Target system / organ toxicity

Key result
Critical effects observed:
no

Applicant's summary and conclusion

Conclusions:
In conclusion, administration of EXP0700332 by once daily oral gavage was well tolerated in rats at levels of 100, 300 and 1000 mg/kg/day. There were no treatment-related clinical observations or target organ effects. Based on these results, the no-observed-adverse-effect level (NOAEL) was considered to be 1000 mg/kg/day.
Executive summary:

The objective of this study was to determine the potential toxicity of EXP0700332 when given orally for 91 consecutive days to rats.

40 male and 40 female rats were randomly organized into 4 (1-4) dose groups of 10 animals per sex per dose with dosage levels of 0, 100, 300 and 1000 mg/kg/day.

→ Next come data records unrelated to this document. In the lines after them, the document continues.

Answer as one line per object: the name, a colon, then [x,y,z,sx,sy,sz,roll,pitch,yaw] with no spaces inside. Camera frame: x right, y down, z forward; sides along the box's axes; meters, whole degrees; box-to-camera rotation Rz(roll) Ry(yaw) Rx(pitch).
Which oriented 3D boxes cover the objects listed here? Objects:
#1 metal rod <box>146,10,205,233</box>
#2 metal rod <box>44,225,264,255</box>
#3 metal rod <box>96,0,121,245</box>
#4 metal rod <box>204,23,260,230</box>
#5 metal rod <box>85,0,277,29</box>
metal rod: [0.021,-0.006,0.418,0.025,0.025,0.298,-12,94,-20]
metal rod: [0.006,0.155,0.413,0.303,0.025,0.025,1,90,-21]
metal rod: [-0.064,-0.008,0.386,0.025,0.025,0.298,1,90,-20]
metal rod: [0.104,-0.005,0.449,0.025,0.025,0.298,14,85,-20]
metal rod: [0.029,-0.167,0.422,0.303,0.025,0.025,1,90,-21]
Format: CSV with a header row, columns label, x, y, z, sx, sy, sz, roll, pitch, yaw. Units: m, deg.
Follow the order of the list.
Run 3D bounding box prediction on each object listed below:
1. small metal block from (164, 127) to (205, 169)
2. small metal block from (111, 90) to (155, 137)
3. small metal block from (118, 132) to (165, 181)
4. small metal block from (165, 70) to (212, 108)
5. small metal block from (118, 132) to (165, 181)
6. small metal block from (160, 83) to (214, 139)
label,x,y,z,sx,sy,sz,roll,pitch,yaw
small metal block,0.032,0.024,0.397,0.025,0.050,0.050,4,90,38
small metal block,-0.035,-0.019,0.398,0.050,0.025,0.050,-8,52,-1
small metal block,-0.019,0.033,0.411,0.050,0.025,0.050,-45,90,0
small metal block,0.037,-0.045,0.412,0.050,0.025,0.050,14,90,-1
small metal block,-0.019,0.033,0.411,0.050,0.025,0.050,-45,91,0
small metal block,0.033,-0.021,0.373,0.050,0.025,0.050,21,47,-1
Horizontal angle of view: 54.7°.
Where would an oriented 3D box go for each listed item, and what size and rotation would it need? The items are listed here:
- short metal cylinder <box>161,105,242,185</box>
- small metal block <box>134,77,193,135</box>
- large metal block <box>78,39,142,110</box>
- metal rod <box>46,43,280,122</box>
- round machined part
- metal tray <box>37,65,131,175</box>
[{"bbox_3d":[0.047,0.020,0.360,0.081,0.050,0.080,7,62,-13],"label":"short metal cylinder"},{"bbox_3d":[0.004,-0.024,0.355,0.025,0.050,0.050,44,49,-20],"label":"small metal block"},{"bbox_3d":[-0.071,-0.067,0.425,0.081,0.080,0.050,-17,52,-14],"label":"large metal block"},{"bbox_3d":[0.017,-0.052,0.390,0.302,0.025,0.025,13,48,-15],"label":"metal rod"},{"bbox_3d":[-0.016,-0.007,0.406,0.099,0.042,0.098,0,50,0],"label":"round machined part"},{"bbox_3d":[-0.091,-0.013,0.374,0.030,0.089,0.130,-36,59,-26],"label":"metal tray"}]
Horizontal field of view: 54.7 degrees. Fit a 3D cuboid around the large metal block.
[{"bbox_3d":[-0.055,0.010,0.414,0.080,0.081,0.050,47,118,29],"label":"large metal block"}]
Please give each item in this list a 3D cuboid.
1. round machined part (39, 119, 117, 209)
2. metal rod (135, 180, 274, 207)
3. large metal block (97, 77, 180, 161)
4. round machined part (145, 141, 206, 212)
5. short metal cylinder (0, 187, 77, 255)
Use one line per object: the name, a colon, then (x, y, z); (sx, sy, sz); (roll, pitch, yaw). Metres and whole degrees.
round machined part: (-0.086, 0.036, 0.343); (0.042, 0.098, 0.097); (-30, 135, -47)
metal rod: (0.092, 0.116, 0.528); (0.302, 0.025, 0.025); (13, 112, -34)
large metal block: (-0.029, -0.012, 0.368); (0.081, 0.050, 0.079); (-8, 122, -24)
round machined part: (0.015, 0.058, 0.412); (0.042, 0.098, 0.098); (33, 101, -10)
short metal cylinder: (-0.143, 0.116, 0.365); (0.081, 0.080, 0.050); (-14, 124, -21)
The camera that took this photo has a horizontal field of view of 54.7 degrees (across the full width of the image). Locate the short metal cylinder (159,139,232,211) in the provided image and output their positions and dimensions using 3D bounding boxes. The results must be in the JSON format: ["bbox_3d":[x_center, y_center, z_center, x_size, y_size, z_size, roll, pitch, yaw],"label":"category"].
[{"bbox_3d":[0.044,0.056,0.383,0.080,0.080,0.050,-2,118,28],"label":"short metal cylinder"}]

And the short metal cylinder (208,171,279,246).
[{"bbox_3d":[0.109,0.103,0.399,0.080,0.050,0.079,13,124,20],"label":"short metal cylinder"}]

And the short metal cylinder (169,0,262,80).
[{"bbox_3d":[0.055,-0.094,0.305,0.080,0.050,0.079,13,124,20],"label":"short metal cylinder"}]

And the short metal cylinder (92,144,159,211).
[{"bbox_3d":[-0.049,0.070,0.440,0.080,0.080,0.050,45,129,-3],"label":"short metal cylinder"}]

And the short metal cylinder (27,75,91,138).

The following parameters and end points were evaluated in this study: clinical signs, body weights, body weight changes, food consumption, ophthalmology, detailed functional observations, clinical pathology parameters (haematology, coagulation, clinical chemistry, and urinalysis), gross necropsy findings, organ weights, and histopathologic examinations.

All analysed formulation concentrations were found to be within the acceptable range and homogeneous.

There were no unscheduled deaths during the study.

There were no clinical observations noted that were considered to be treatment related. Excess salivation was noted in 3 animals, however, these were isolated incidences and were considered to be related to the dosing technique.

Any differences seen were considered unrelated to the administration of EXP0700332.

In conclusion, administration of EXP0700332 by once daily oral gavage was well tolerated in rats at levels of 100, 300 and 1000 mg/kg/day. There were no clinical observations or target organ effects. Based on these results, the no-observed-adverse-effect level (NOAEL) was considered to be 1000 mg/kg/day.